Onkologische Biotechnologie: Fortschritte und Perspektiven

Die Biologie des Tumors zu verstehen und ihn maßgeschneidert zu bekämpfen ist ein Anspruch, der im Zeitalter der personalisierten Medizin schon fast selbstverständlich an neue Therapieansätze in der Onkologie gestellt wird. Als Pionier der Biotechnologie setzt Amgen bei der Entwicklung innovativer Wirkstoffe seit nunmehr knapp 35 Jahren auf das Verständnis der menschlichen Biologie und die Entschlüsselung komplexer Erkrankungen mit Hilfe der modernen Humangenetik. Bislang primär bekannt durch onkologische Supportivtherapien, widmet das Unternehmen sich nun unter anderem der Entwicklung potenter Therapeutika basierend auf neuen Wirkprinzipien. Gleich 10 neue Wirkstoffe befinden sich in Phase III der klinischen Entwicklung bei Amgen - darunter der BiTE®-Antikörper Blinatumomab und der onkolytische Virus Talimogene Laherparepvec (TVEC). Beide sind first-in-class Wirkstoffe, die bereits zur Zulassung in den USA und in der EU eingereicht wurden.

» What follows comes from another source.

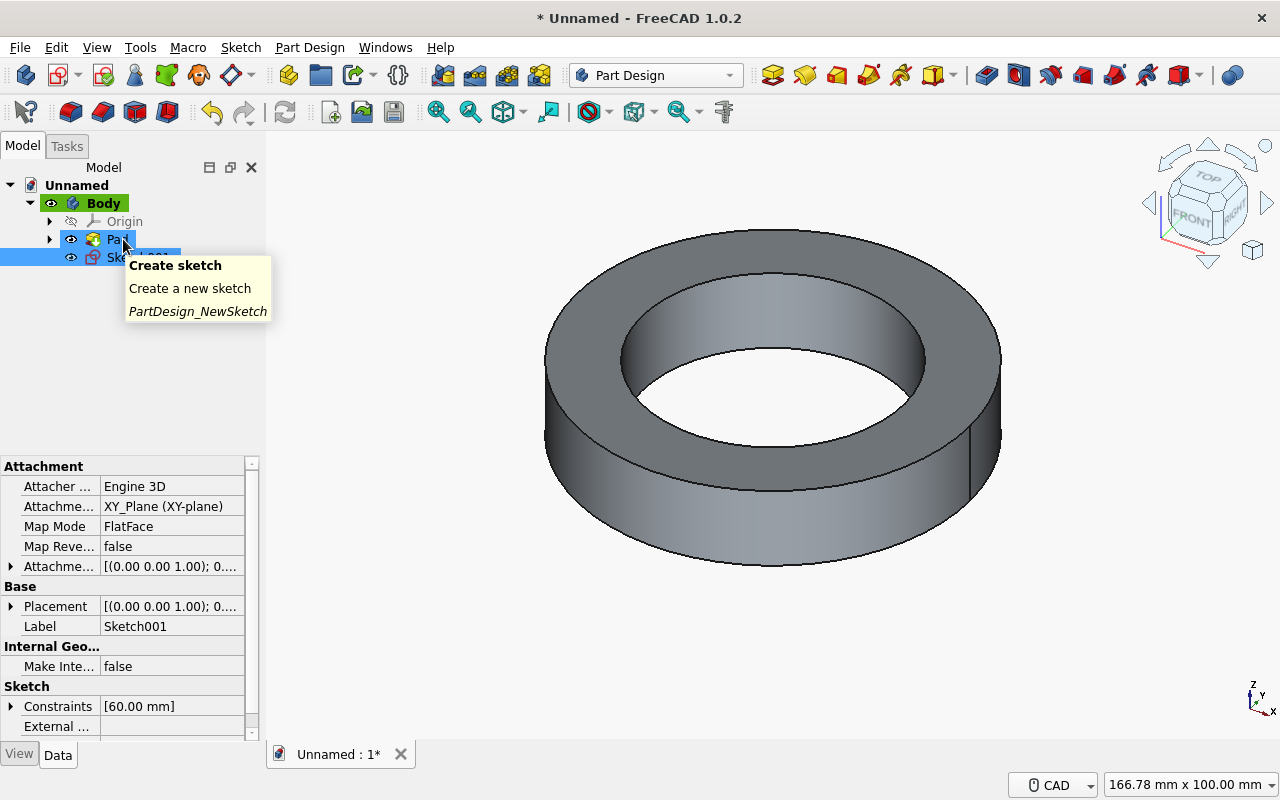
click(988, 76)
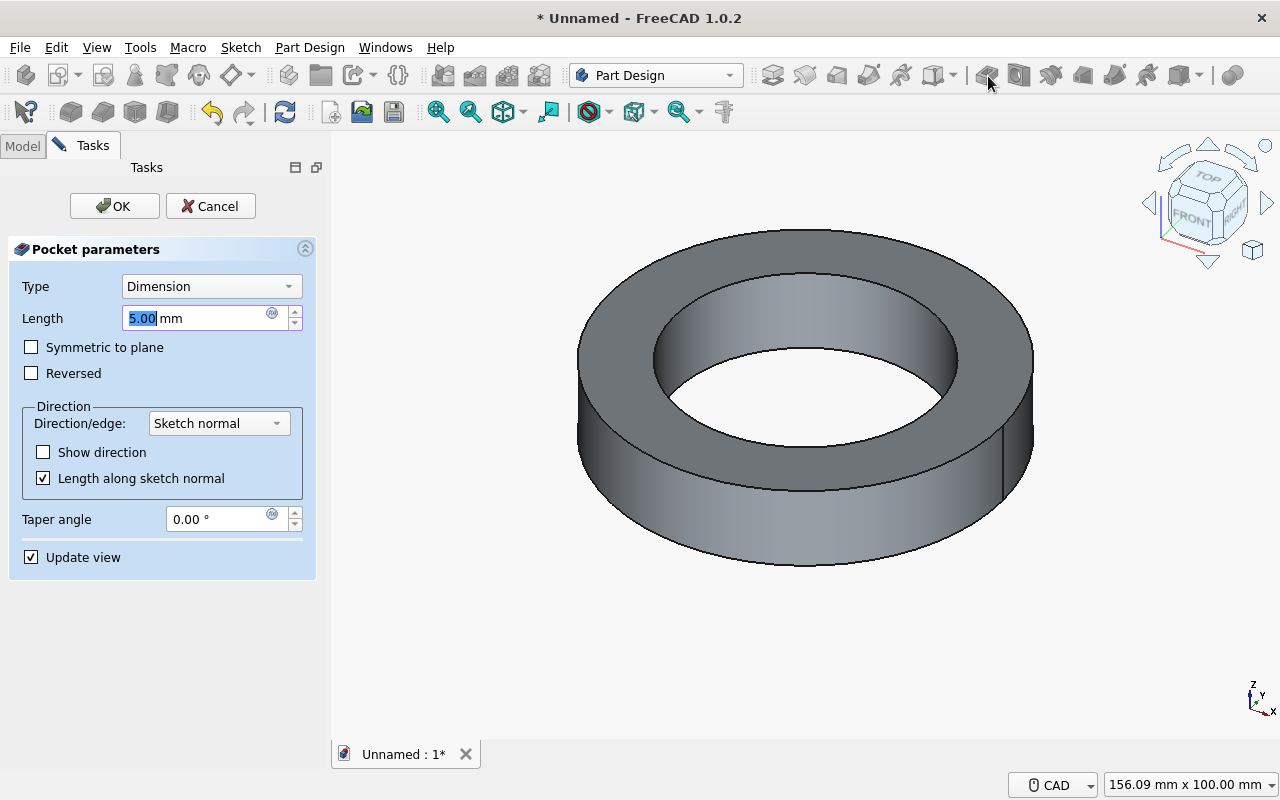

Parallel entwickelt Amgen bewährte Supportiva wie Neulasta® und XGEVA® konsequent weiter und bietet damit Therapeuten wie Patienten wertvolle Unterstützung in der Krebstherapie. Prof. Dr. med. Matthias Schieker, Executive Medical Director bei der Amgen GmbH, betonte: "Die onkologische Biotechnologie ermöglicht es uns heute, verschiedene Krebserkrankungen gezielt zu therapieren. Dennoch sind die Möglichkeiten bei weitem noch nicht ausgeschöpft. Unser Ziel ist es, dieses Potential zu nutzen, um möglichst vielen Patienten, insbesondere in Indikationsbereichen, in denen es bislang keine oder nur unzureichende Therapiemöglichkeiten gab, zu helfen."

Mehr Leben! "Lebensqualität und Überleben"

Die Ziele einer Krebstherapie sind ein möglichst langes progressionsfreies Überleben und Gesamtüberleben bei gleichzeitig hoher Lebensqualität. Das Konzept der personalisierten Medizin wird hierbei immer wichtiger, wie Dr. Friedrich Overkamp, Recklinghausen, am Beispiel des metastasierten kolorektalen Karzinoms (mCRC) und der Therapie mit dem vollhumanen monoklonalen Antikörper Panitumumab (Vectibix®) verdeutlichte. Bei Patienten mit Nachweis des RAS-Wildtyps im Tumorgewebe führte die Behandlung zu einem signifikant besseren Outcome: In der Phase III-Studie PRIME wurden 1.183 Patienten im Rahmen einer Erstlinientherapie mit einer Oxaliplatin-basierten Chemotherapie (FOLFOX) alleine oder in Kombination mit Panitumumab behandelt (1). Die zusätzliche Gabe von Panitumumab zum FOLFOX-Regime bewirkte eine signifikante Verlängerung des progressionsfreien Überlebens (PFS). Das PFS stieg im Median von 8,6 Monaten unter FOLFOX auf 10,0 Monate unter FOLFOX plus Panitumumab. "Die Studie dokumentiert eine statistisch signifikante Wirksamkeit von Panitumumab in Kombination mit FOLFOX bei der Erstlinientherapie von mCRC-Patienten mit RAS-Wildtyp und unterstreicht zugleich die Bedeutung des Screenings auf RAS-Mutationen", kommentierte Overkamp die Ergebnisse. In der Phase II Studie PEAK2 wurde Panitumumab + FOLFOX mit Bevacizumab + FOLFOX als Erstlinientherapie bei 278 mCRC-Patienten mit RAS-Wildtyp verglichen. Insgesamt überlebten mCRC-Patienten mit RAS-Wildtyp unter der Kombinationstherapie mit Panitumumab 41,3 Monate und somit 11 Monate länger als unter Bevacizumab.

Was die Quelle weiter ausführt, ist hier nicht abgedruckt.